EXERCISE INSTRUCTIONS: List every line in this data where the string "object" occurs.

*** DATASET Section Begins ***

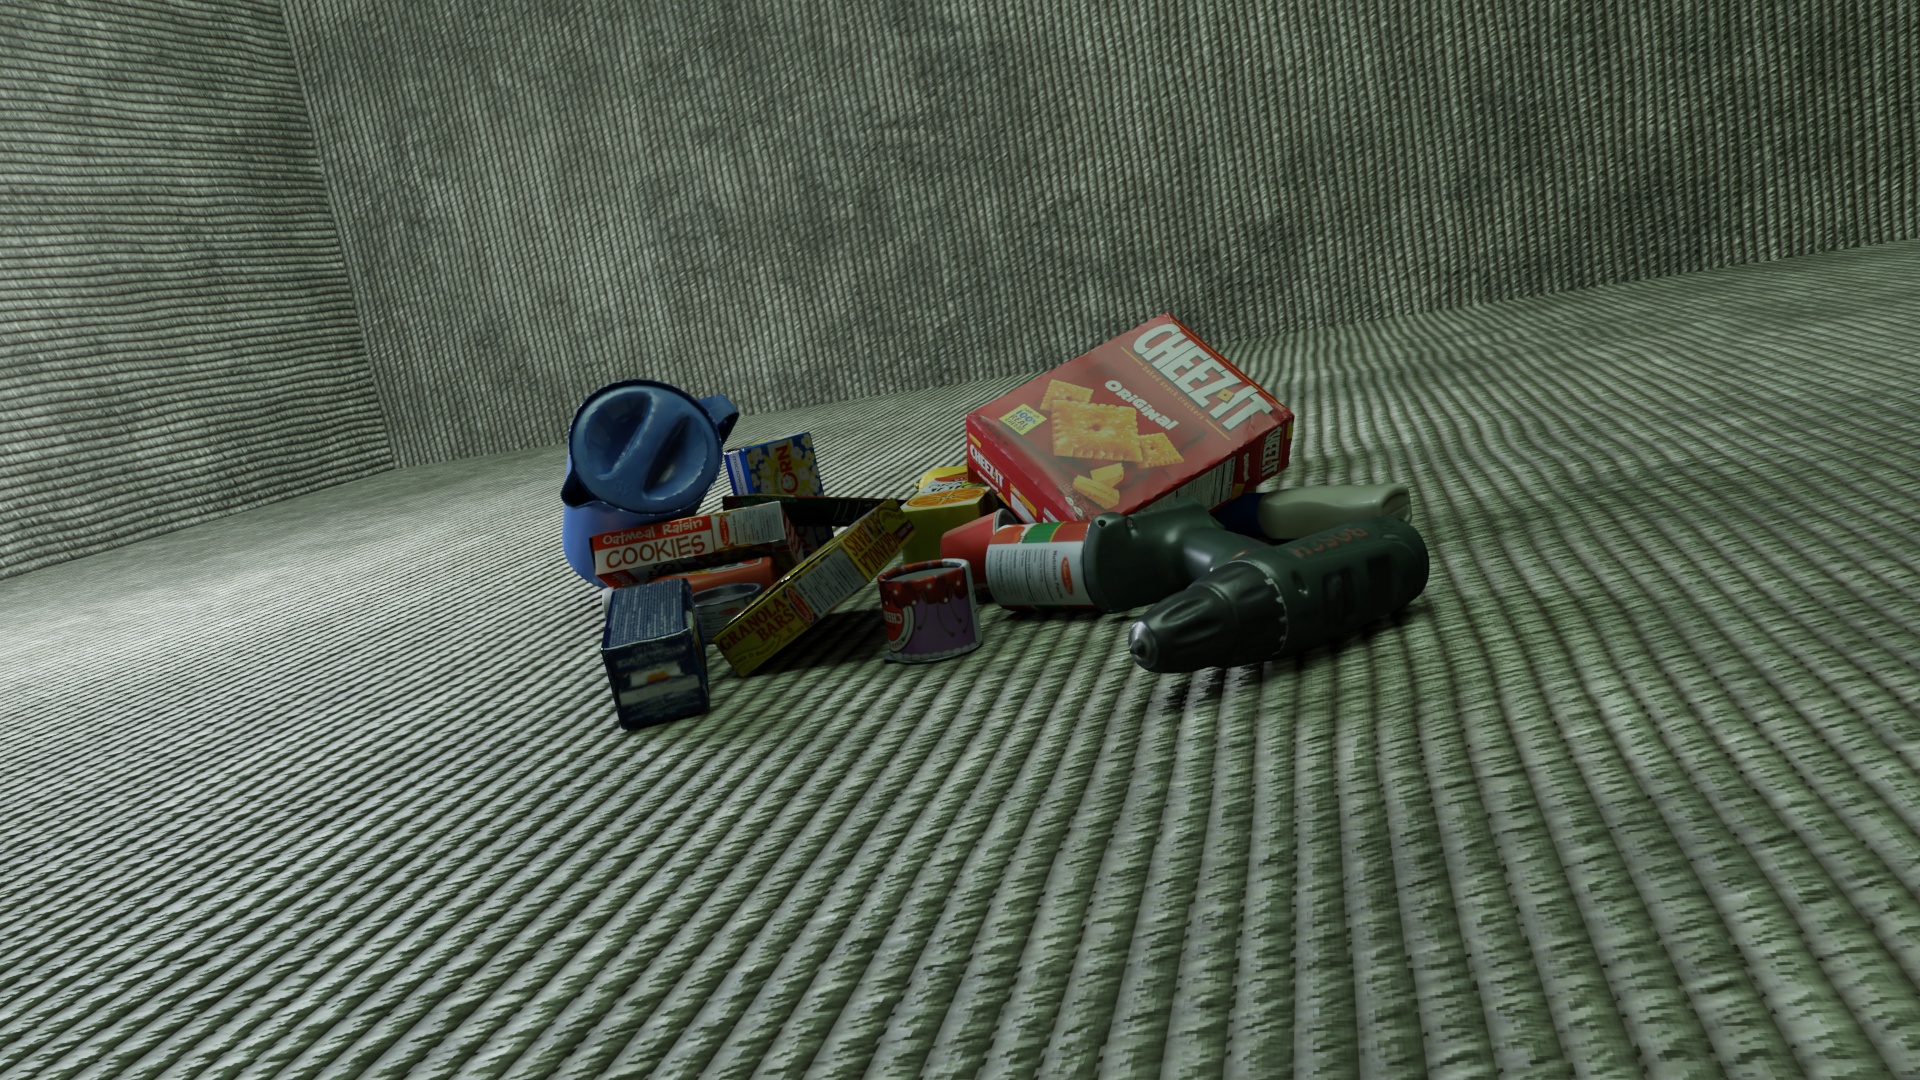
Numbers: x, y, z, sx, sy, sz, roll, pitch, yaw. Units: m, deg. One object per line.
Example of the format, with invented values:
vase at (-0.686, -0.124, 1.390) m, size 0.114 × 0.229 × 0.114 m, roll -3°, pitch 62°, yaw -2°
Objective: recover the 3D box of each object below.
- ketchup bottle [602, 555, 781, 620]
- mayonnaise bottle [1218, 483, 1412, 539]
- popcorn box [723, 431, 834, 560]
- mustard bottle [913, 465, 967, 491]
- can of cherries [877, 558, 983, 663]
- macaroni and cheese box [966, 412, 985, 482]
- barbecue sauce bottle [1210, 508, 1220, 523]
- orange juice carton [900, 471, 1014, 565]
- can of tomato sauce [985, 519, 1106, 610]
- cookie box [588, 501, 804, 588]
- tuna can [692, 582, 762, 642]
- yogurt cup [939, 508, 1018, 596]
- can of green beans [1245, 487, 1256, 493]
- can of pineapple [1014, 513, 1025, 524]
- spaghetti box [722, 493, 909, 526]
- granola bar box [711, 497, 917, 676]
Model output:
ketchup bottle at (-0.231, 0.047, 1.199) m, size 0.149 × 0.043 × 0.065 m, roll -10°, pitch 1°, yaw 0°
mayonnaise bottle at (0.278, -0.021, 1.105) m, size 0.148 × 0.041 × 0.065 m, roll -1°, pitch 14°, yaw 44°
popcorn box at (-0.175, -0.037, 1.360) m, size 0.038 × 0.126 × 0.085 m, roll -5°, pitch 11°, yaw 43°
mustard bottle at (-0.001, -0.056, 1.504) m, size 0.065 × 0.048 × 0.160 m, roll -17°, pitch 13°, yaw -33°
can of cherries at (-0.024, 0.048, 0.966) m, size 0.071 × 0.058 × 0.071 m, roll -9°, pitch 11°, yaw 2°
macaroni and cheese box at (0.067, -0.087, 1.268) m, size 0.124 × 0.040 × 0.167 m, roll 0°, pitch 13°, yaw 1°
barbecue sauce bottle at (0.167, -0.029, 1.231) m, size 0.148 × 0.043 × 0.065 m, roll -6°, pitch 20°, yaw 21°
orange juice carton at (0.004, -0.015, 1.233) m, size 0.073 × 0.071 × 0.193 m, roll -7°, pitch 12°, yaw 13°
can of tomato sauce at (0.071, 0.019, 1.016) m, size 0.083 × 0.071 × 0.071 m, roll -3°, pitch 13°, yaw 35°
cookie box at (-0.232, 0.014, 1.246) m, size 0.167 × 0.040 × 0.122 m, roll -10°, pitch -16°, yaw -1°
tuna can at (-0.191, 0.058, 1.132) m, size 0.071 × 0.032 × 0.071 m, roll -9°, pitch 11°, yaw 2°
yogurt cup at (0.019, 0.014, 1.099) m, size 0.054 × 0.072 × 0.072 m, roll -15°, pitch 8°, yaw 20°
can of green beans at (0.235, -0.062, 1.281) m, size 0.058 × 0.071 × 0.071 m, roll -11°, pitch 11°, yaw -6°
can of pineapple at (0.054, -0.047, 1.367) m, size 0.071 × 0.071 × 0.058 m, roll -12°, pitch 10°, yaw -11°
spaghetti box at (-0.116, -0.028, 1.354) m, size 0.050 × 0.028 × 0.250 m, roll -1°, pitch -1°, yaw 43°
granola bar box at (-0.106, 0.031, 1.049) m, size 0.124 × 0.039 × 0.166 m, roll -36°, pitch 4°, yaw 15°

*** DATASET Section Ends ***

SOLVED PROBLEM:
Numbers: x, y, z, sx, sy, sz, roll, pitch, yaw. Units: m, deg. One object per line.
Objective: recover the 3D box of each object below.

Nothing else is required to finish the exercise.